Full logs of an example

[   20.233788] drbd: initialized. Version: 8.4.7 (api:1/proto:86-101)
[   20.234905] drbd: srcversion: 0904DF2CCF7283ACE07D07A
[   20.235791] drbd: registered as block device major 147
[   22.402786] drbd shareddata: Starting worker thread (from drbdsetup-84 [1406])
[   22.406433] block drbd1: disk( Diskless -> Attaching )
[   22.407422] drbd shareddata: Method to ensure write ordering: flush
[   22.408478] block drbd1: max BIO size = 4096
[   22.409211] block drbd1: drbd_bm_resize called with capacity == 2097016
[   22.410317] block drbd1: resync bitmap: bits=262127 words=4096 pages=8
[   22.411492] block drbd1: size = 1024 MB (1048508 KB)

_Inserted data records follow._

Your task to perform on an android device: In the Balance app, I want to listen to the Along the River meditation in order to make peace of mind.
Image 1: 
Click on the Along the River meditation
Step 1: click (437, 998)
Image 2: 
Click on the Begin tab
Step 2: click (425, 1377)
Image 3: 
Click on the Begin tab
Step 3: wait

[   22.413787] block drbd1: recounting of set bits took additional 0 jiffies
[   22.414922] block drbd1: 1024 MB (262127 bits) marked out-of-sync by on disk bit-map.

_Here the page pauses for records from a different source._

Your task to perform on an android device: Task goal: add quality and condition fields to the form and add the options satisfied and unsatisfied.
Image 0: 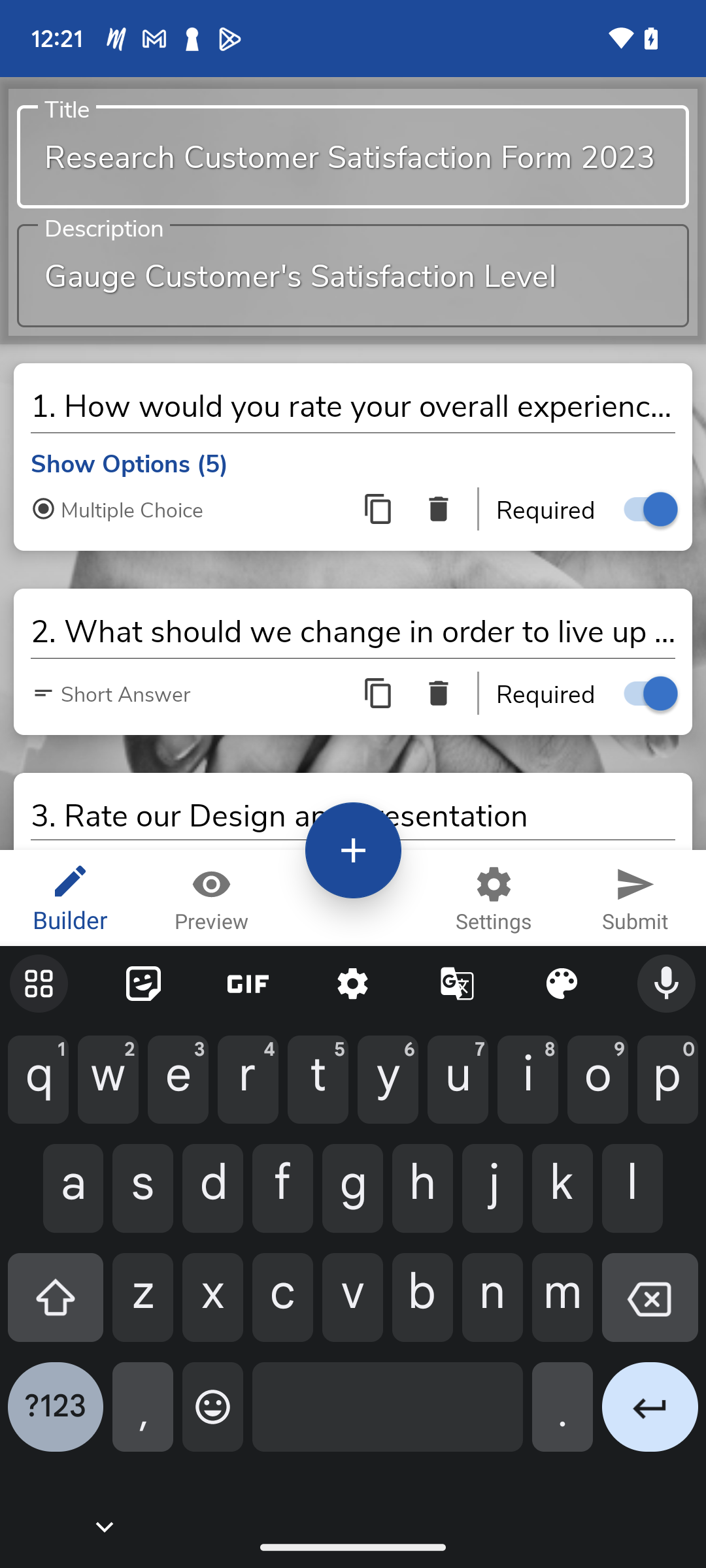
Scroll up for the option quality and condition.
Step 0: scroll down
Image 1: 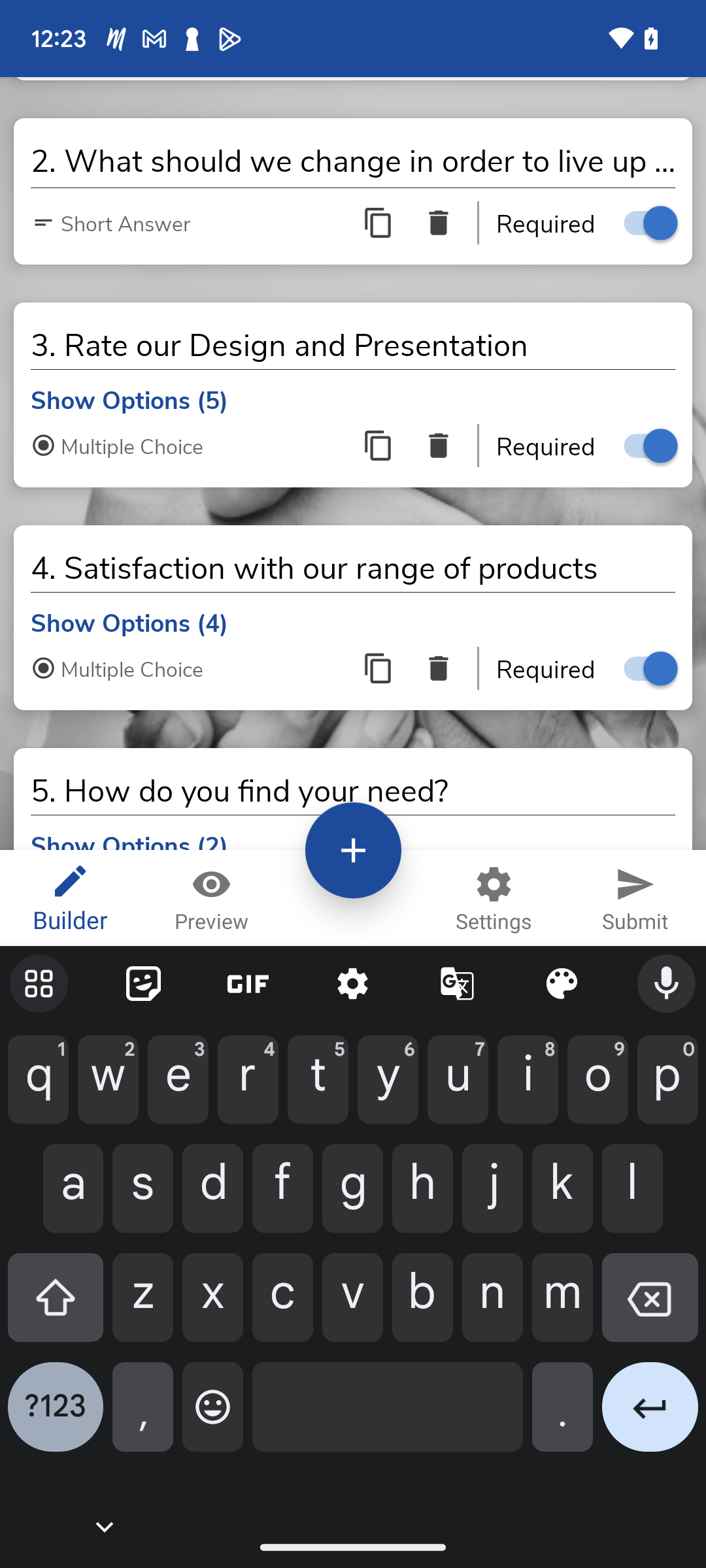
Scroll up for the option quality and condition.
Step 1: scroll down
Image 2: 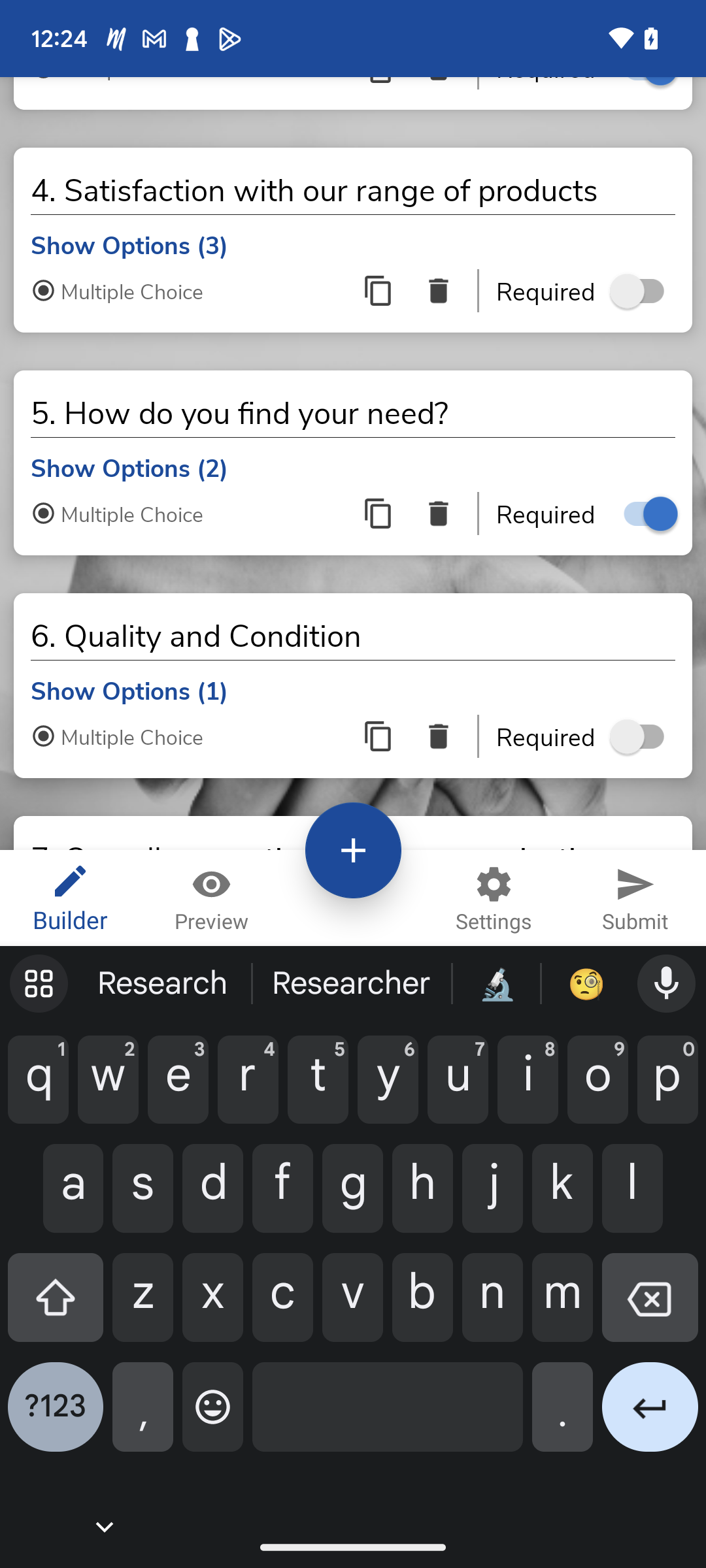
Click on the show option under the quantity and condition.
Step 2: click (129, 685)
Image 3: 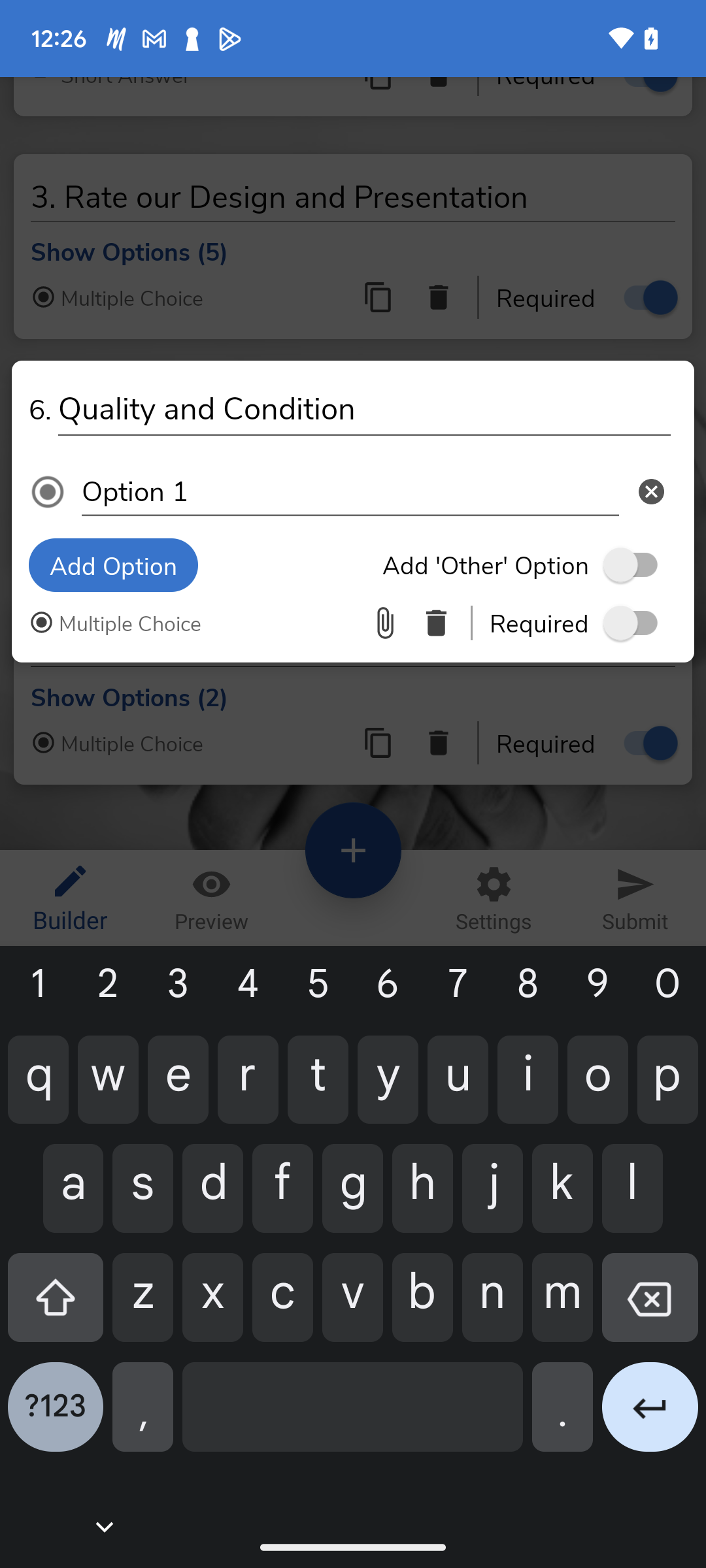
Click on the option Add option
Step 3: click (113, 564)
Image 4: 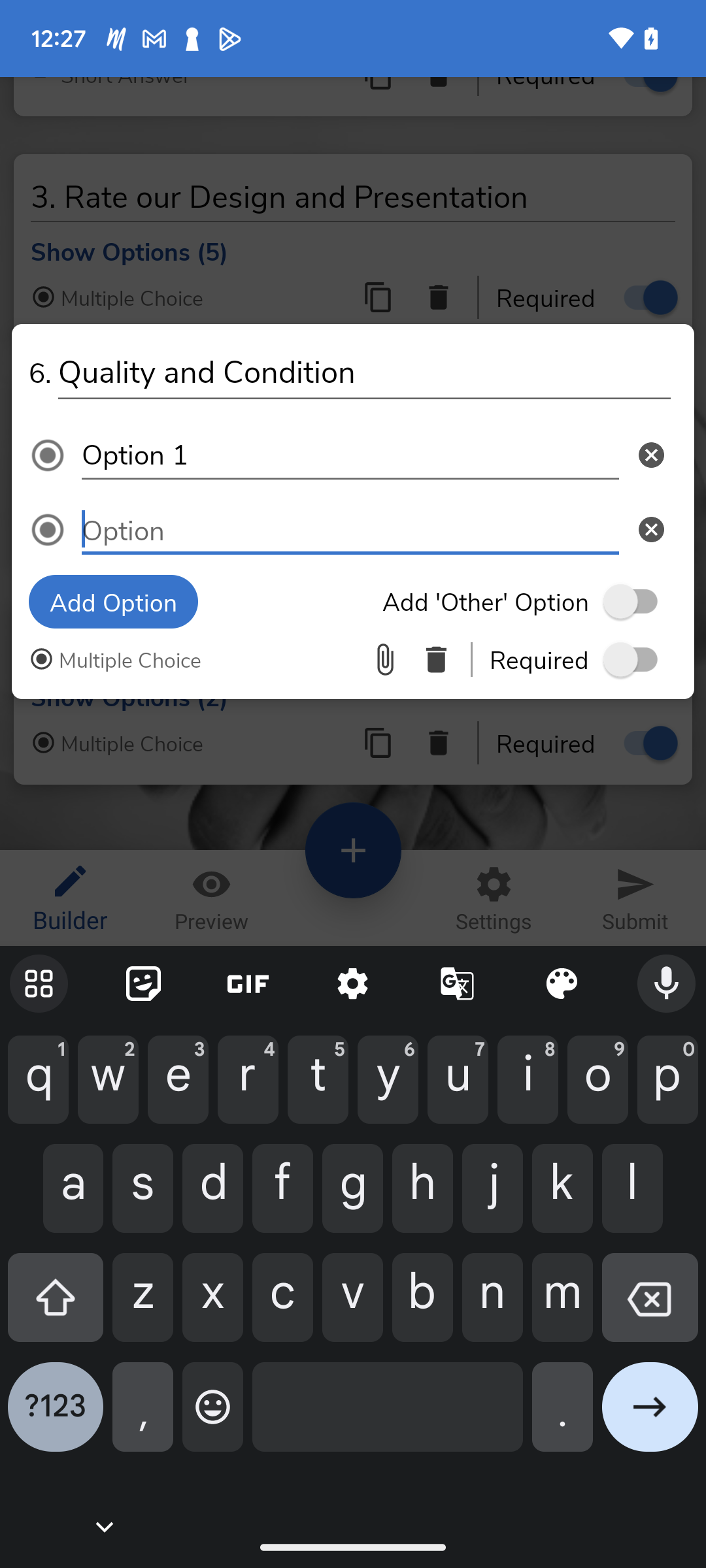
click on the  option 1
Step 4: click (350, 455)
Image 5: 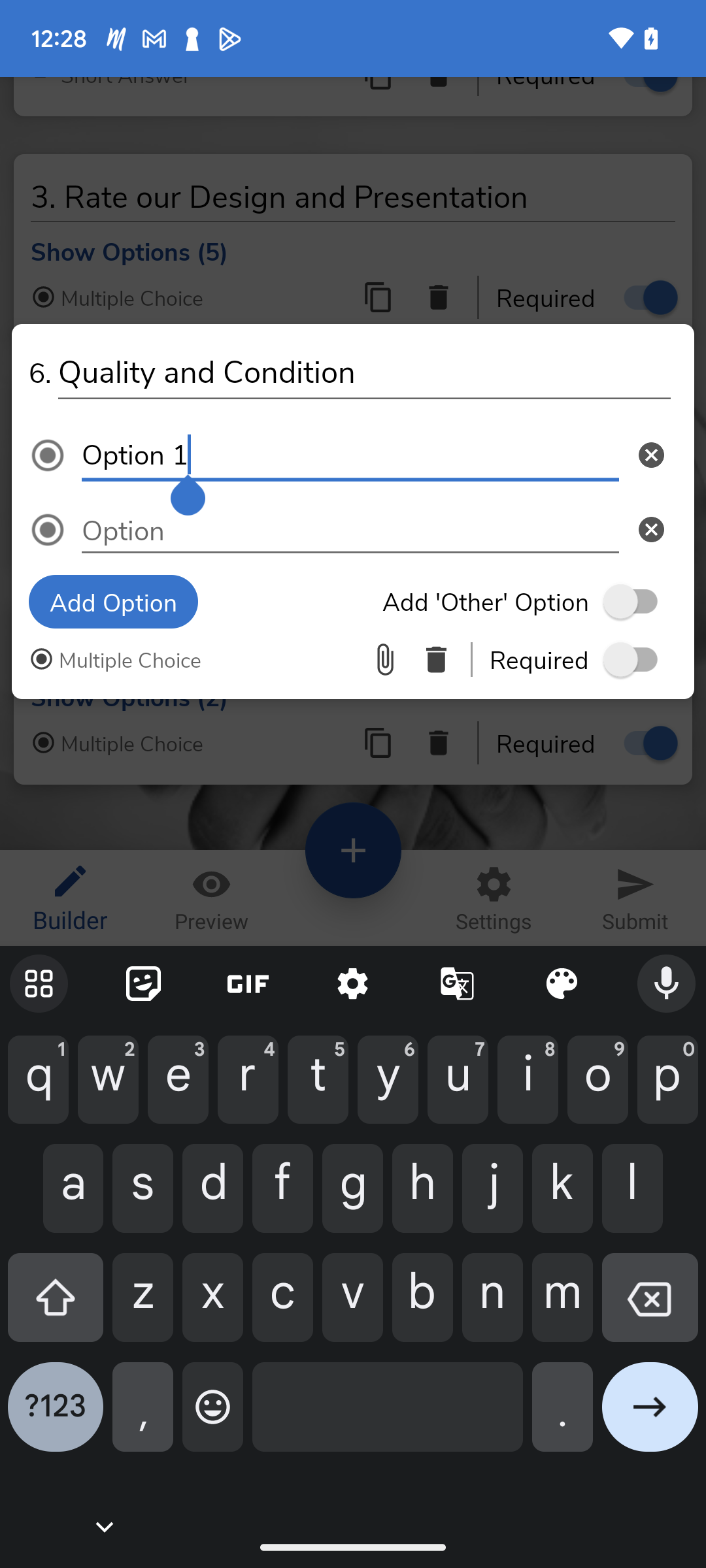
Type satisfied in option 1.
Step 5: type "Satisfied"
Image 6: 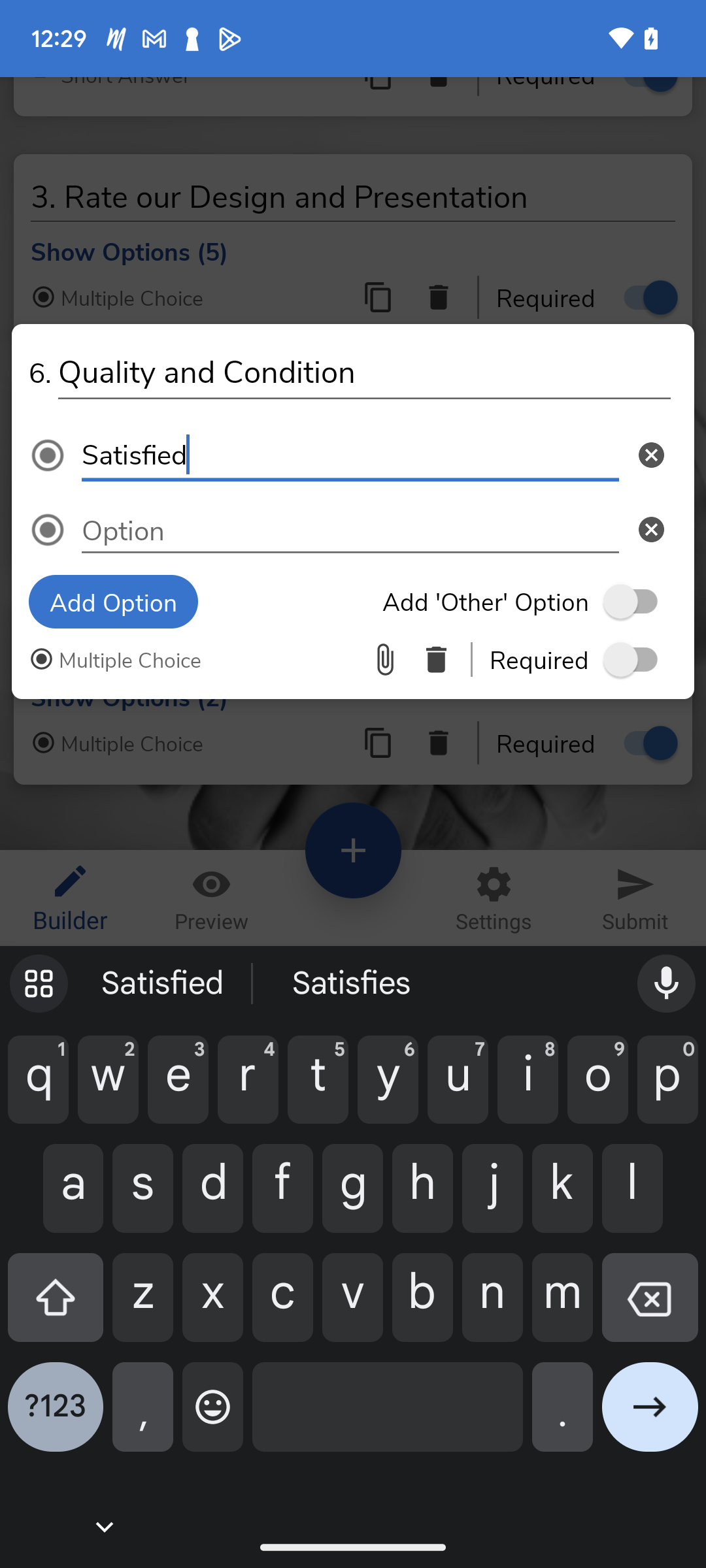
click on the option 
Step 6: click (350, 530)
Image 8: 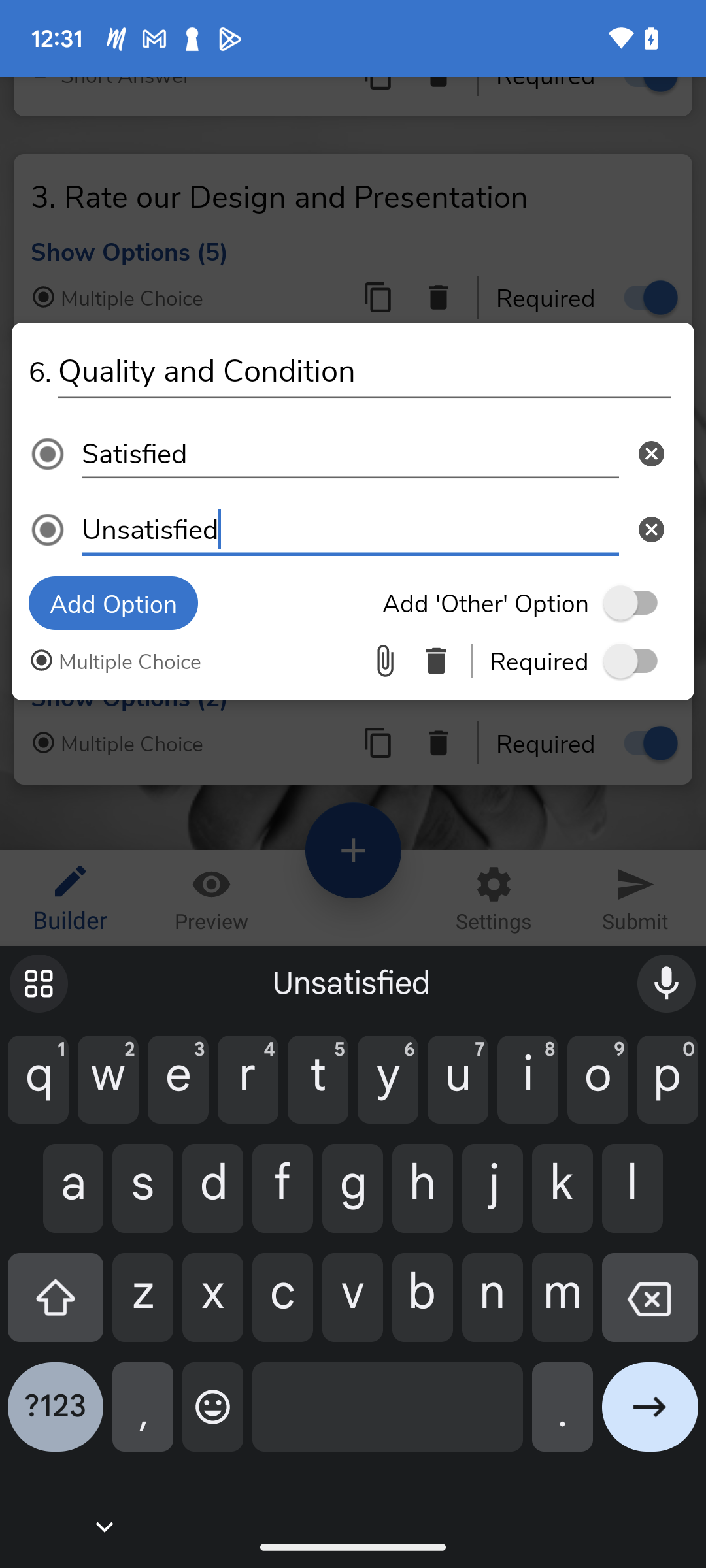
Turn on the required option to add the field in the form
Step 8: click (637, 661)

[   22.416189] block drbd1: Suspended AL updates
[   22.416942] block drbd1: disk( Attaching -> UpToDate )
[   22.418403] block drbd1: attached to UUIDs 9FB19F9A9D6573A9:0000000000000004:0000000000000000:0000000000000000
[   22.460721] drbd shareddata: conn( StandAlone -> Unconnected )
[   22.462303] drbd shareddata: Starting receiver thread (from drbd_w_sharedda [1407])
[   22.467153] drbd shareddata: receiver (re)started
[   22.468715] drbd shareddata: conn( Unconnected -> WFConnection )
[   23.000120] drbd shareddata: Handshake successful: Agreed network protocol version 101
[   23.003987] drbd shareddata: Feature flags enabled on protocol level: 0x7 TRIM THIN_RESYNC WRITE_SAME.
[   23.008195] drbd shareddata: conn( WFConnection -> WFReportParams )
[   23.010706] drbd shareddata: Starting ack_recv thread (from drbd_r_sharedda [1467])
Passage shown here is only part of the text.